Beaucoup de rouge pour rien

Passons sur le fait que l’extrême-gauche, une nouvelle fois n’arrive pas à s’entendre en présentant une liste Lutte Ouvrière et une autre NPA. Mais que devons-nous penser de cette liste « Communiste » qui viendra faire se perdre des voix au Front de Gauche ? Cette scission, si c’en est une, a sûrement une explication, mais celle-ci est absente dans les esprits des citoyens.

L’écologie n’est plus « à la mode »

C’est ce que beaucoup pensent… Mais il est à noter la présence de l’éternel Alliance écologiste indépendante qui, une fois de plus, jouera sur l’ambiguïté des listes, collant assez près à Europe Ecologie – Les Verts, afin de récolter des voix.

Le respect des régions

R & PS, Euskadi, Occitanie, UDB, etc., de nombreux partis régionalistes seront représentés. Europe Ecologie, dans le précédent scrutin européen, était même allié avec certains d’entre eux.  Mais, après de longues discussions, un accord ne put être trouvé pour diverses raisons, dont une importante : l’alliance de certains de ces partis au niveau européen avec des régionalistes/nationalistes flirtant très souvent avec des discours d’extrême-droite contraires à nos principes.

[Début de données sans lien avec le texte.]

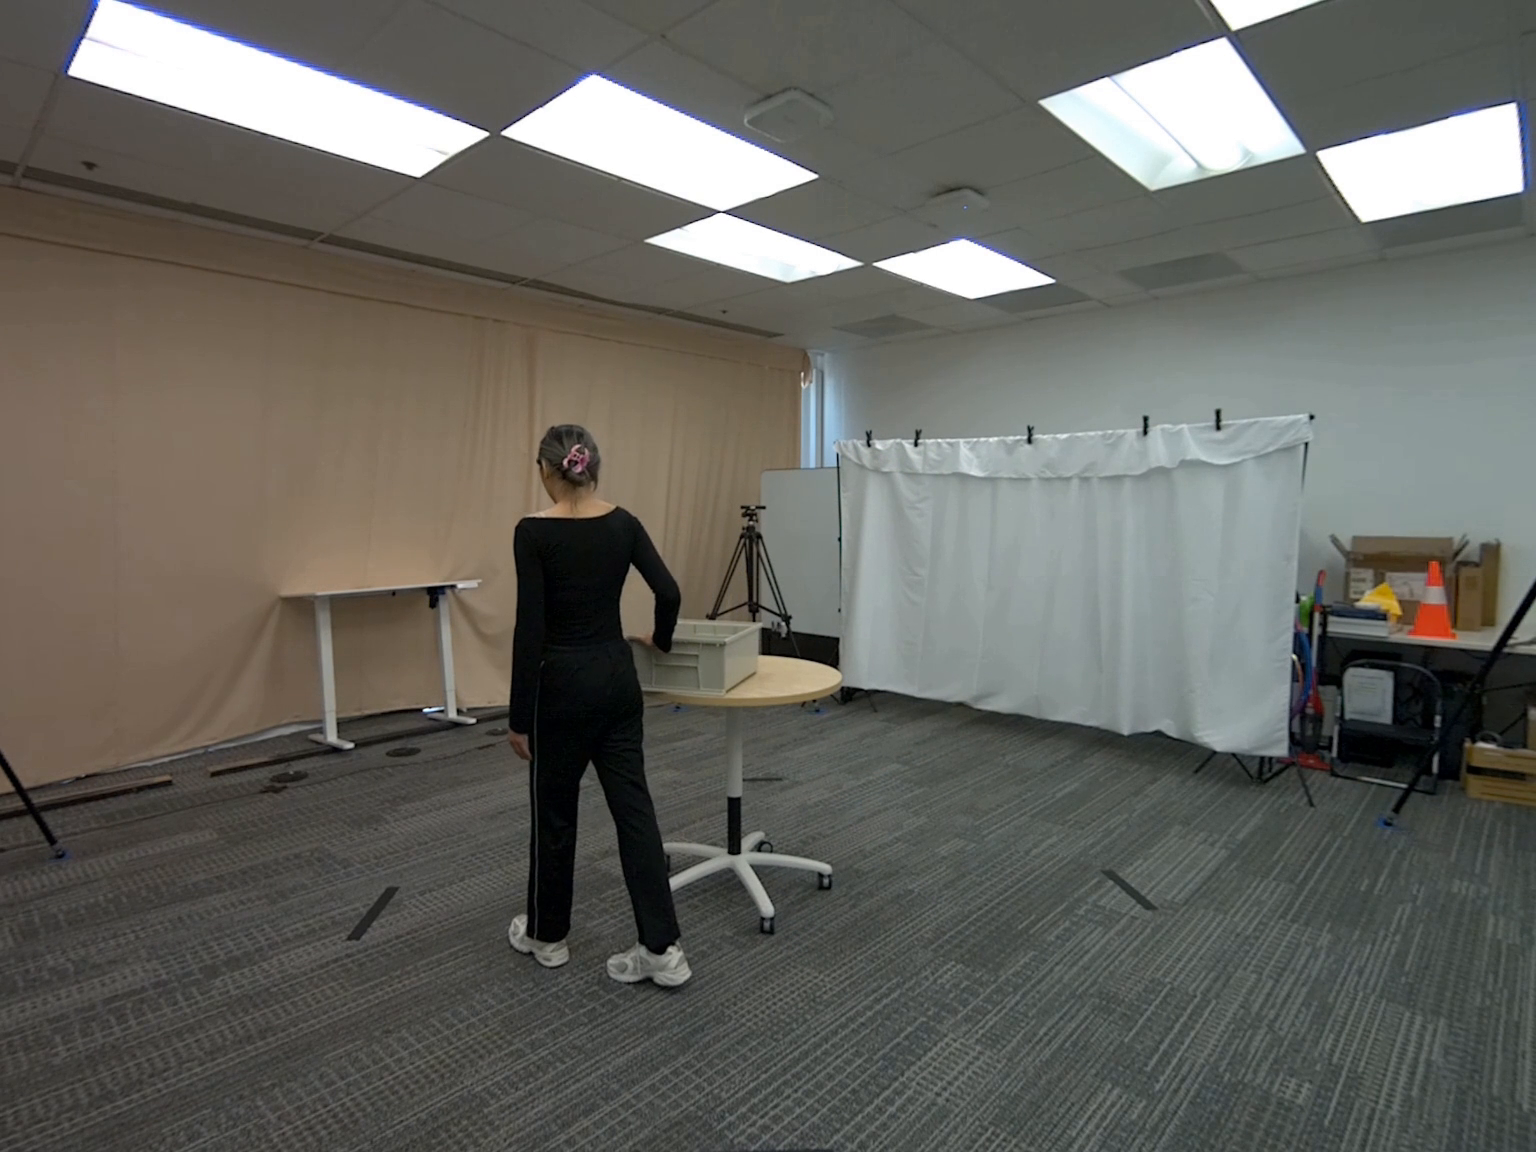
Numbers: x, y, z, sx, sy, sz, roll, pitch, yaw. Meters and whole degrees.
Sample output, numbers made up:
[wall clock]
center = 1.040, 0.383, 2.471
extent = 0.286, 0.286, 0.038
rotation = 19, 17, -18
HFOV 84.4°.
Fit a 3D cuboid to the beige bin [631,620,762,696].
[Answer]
[beige bin]
center = -0.251, 0.266, 2.884
extent = 0.384, 0.188, 0.415
rotation = 3, 4, 16
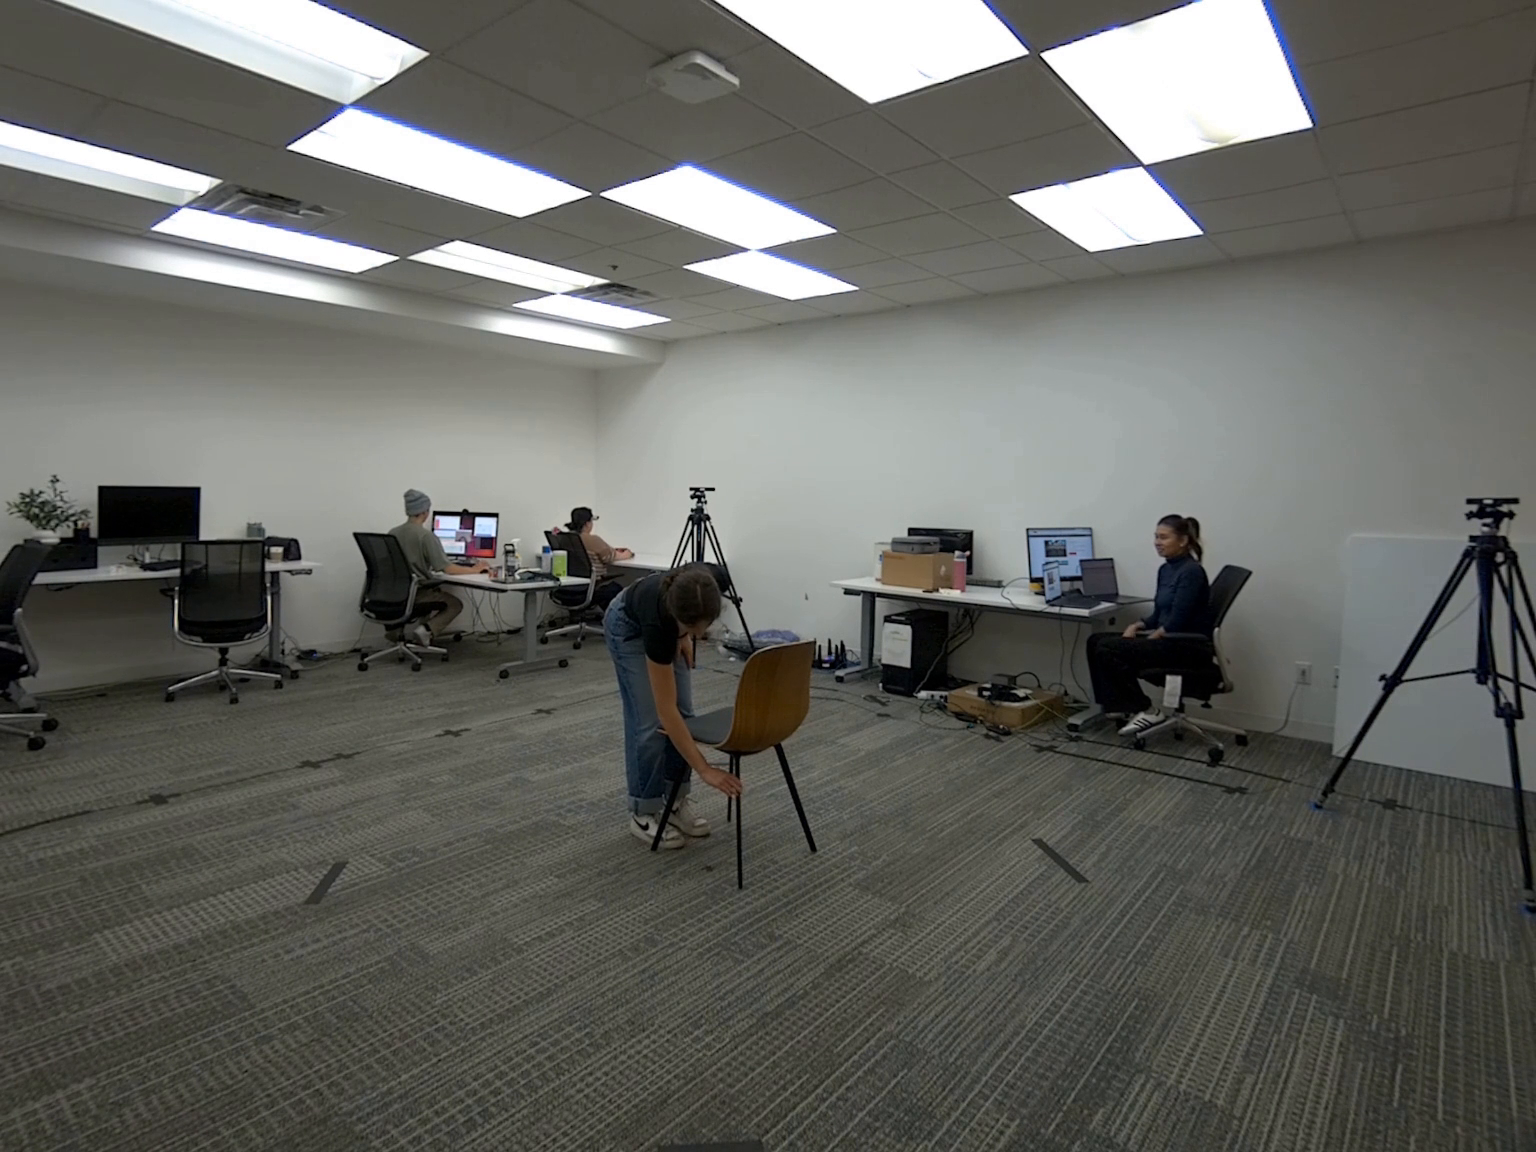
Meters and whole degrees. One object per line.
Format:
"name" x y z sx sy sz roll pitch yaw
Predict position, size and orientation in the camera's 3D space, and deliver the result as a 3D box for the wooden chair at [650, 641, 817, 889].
"wooden chair" -0.131 0.629 3.239 0.542 0.873 0.464 9 8 40

Fédéraliste, régionaliste, Europe Ecologie a un profond respect pour ces questions d’identités culturelles et historiques régionales. D’ailleurs, pour la région Massif Central- Centre, Europe Ecologie sera alliée au Partit Occitan.

Des programmes très proches, trop proches

A gauche, au centre comme à (l’extrême) droite, la multiplication des listes prend des atours frisant l’opportunisme : comptez, par exemple, le nombre de listes souverainistes, moralistes et/ou réactionnaires. Cela fera perdre des voix au Front National, pourtant très proche de Force Vie, pour ne prendre que cet exemple, l’obscur groupuscule de Mme Boutin. Ce n’est pas là, d’un point de vue cyniquement stratégique, que je vais me plaindre le plus, j’avoue.

Mais au regard du féminisme, de l’esperanto ou encore d’une nouvelle vision économique, Europe Ecologie n’a absolument pas à rougir : des commissions sur ces thèmes dédiés sont le coeur de la réflexion politique des écologistes.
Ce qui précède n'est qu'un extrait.